Il dato tecnico relativo alla marcia è stato sorprendente, le fila tripartite hanno sfilato, senza mai scomporsi, in modo organico, marziale, imperioso come la ricorrenza imponeva. Questo grazie alla serietà e all’autodisciplina mostrate dai ragazzi della RASH, di Patria Socialista e di Casalbertone. Il tema che ha pervaso tutta la sfilata, come la Resistenza e l’antifascismo romano insegnano, e la commemorazione al Verano è stato quello dell’UNITA’ delle forze antifasciste di classe.
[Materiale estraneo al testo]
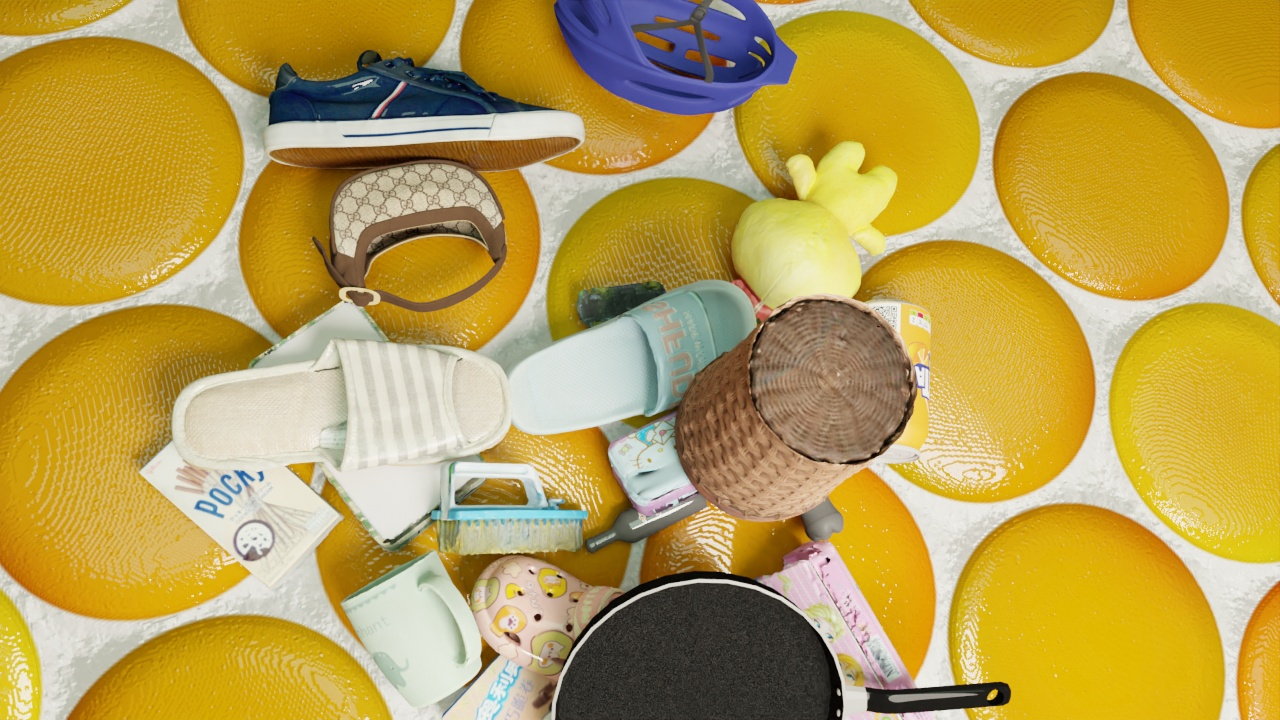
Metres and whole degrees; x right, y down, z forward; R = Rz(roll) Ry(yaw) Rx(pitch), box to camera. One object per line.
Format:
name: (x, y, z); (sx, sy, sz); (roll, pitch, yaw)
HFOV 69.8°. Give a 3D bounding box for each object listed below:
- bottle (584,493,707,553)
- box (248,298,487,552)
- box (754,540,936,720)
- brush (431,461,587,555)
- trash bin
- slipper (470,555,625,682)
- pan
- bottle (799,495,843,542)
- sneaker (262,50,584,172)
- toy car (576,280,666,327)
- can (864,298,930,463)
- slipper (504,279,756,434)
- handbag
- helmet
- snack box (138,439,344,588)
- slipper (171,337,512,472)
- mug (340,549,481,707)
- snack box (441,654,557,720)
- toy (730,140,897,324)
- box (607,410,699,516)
bottle: (0.003, 0.142, 0.816); (0.113, 0.030, 0.030); (-24, 79, -14)
box: (-0.235, 0.055, 0.800); (0.117, 0.050, 0.205); (-39, 83, -19)
box: (0.179, 0.270, 0.776); (0.076, 0.085, 0.230); (-27, 80, -12)
brush: (-0.104, 0.125, 0.777); (0.135, 0.055, 0.075); (7, 80, -36)
trash bin: (0.118, 0.036, 0.704); (0.151, 0.210, 0.151); (3, 73, -9)
slipper: (-0.040, 0.216, 0.752); (0.197, 0.082, 0.093); (32, 36, -5)
pan: (0.110, 0.266, 0.713); (0.356, 0.034, 0.225); (-3, 102, -4)
bottle: (0.147, 0.111, 0.838); (0.036, 0.036, 0.110); (-21, 67, -13)
sneaker: (-0.199, -0.246, 0.862); (0.294, 0.121, 0.127); (1, 87, -5)
toy car: (-0.017, -0.051, 0.870); (0.089, 0.027, 0.038); (-7, 83, -13)
can: (0.228, 0.019, 0.857); (0.079, 0.079, 0.142); (8, 73, -6)
slipper: (-0.005, 0.005, 0.820); (0.245, 0.074, 0.104); (-19, 99, -10)
handbag: (-0.204, -0.108, 0.828); (0.166, 0.063, 0.138); (-15, 65, -22)
helmet: (0.040, -0.336, 0.856); (0.241, 0.228, 0.147); (23, 63, -2)
snack box: (-0.337, 0.114, 0.780); (0.150, 0.026, 0.081); (40, 73, 4)
slipper: (-0.242, 0.040, 0.753); (0.272, 0.054, 0.114); (-3, 68, -8)
mug: (-0.170, 0.213, 0.732); (0.083, 0.112, 0.104); (-27, 88, -49)
snack box: (-0.079, 0.312, 0.754); (0.151, 0.034, 0.087); (43, 73, 5)
toy: (0.167, -0.122, 0.883); (0.134, 0.092, 0.207); (38, 70, 1)
box: (0.076, 0.065, 0.829); (0.214, 0.036, 0.076); (-24, 50, -15)

Aspetto espresso a livello simbolico dall’apertura del corteo con le bandiere rosse e nere ed il tricolore repubblicano.
L’ultima sfilata organizzata secondo il criterio di squadre ordinate risale, nel quartiere, alla purtroppo oggi misconosciuta esperienza dei leggendari Arditi del popolo. Uno degli aspetti legati alla marcia era proprio quello di riannodare il filo rosso che lega gli Arditi ai partigiani. Continuità storica tra queste due esperienze rappresentata significativamente dalle biografie di numerose eroiche figure dell’antifascismo romano.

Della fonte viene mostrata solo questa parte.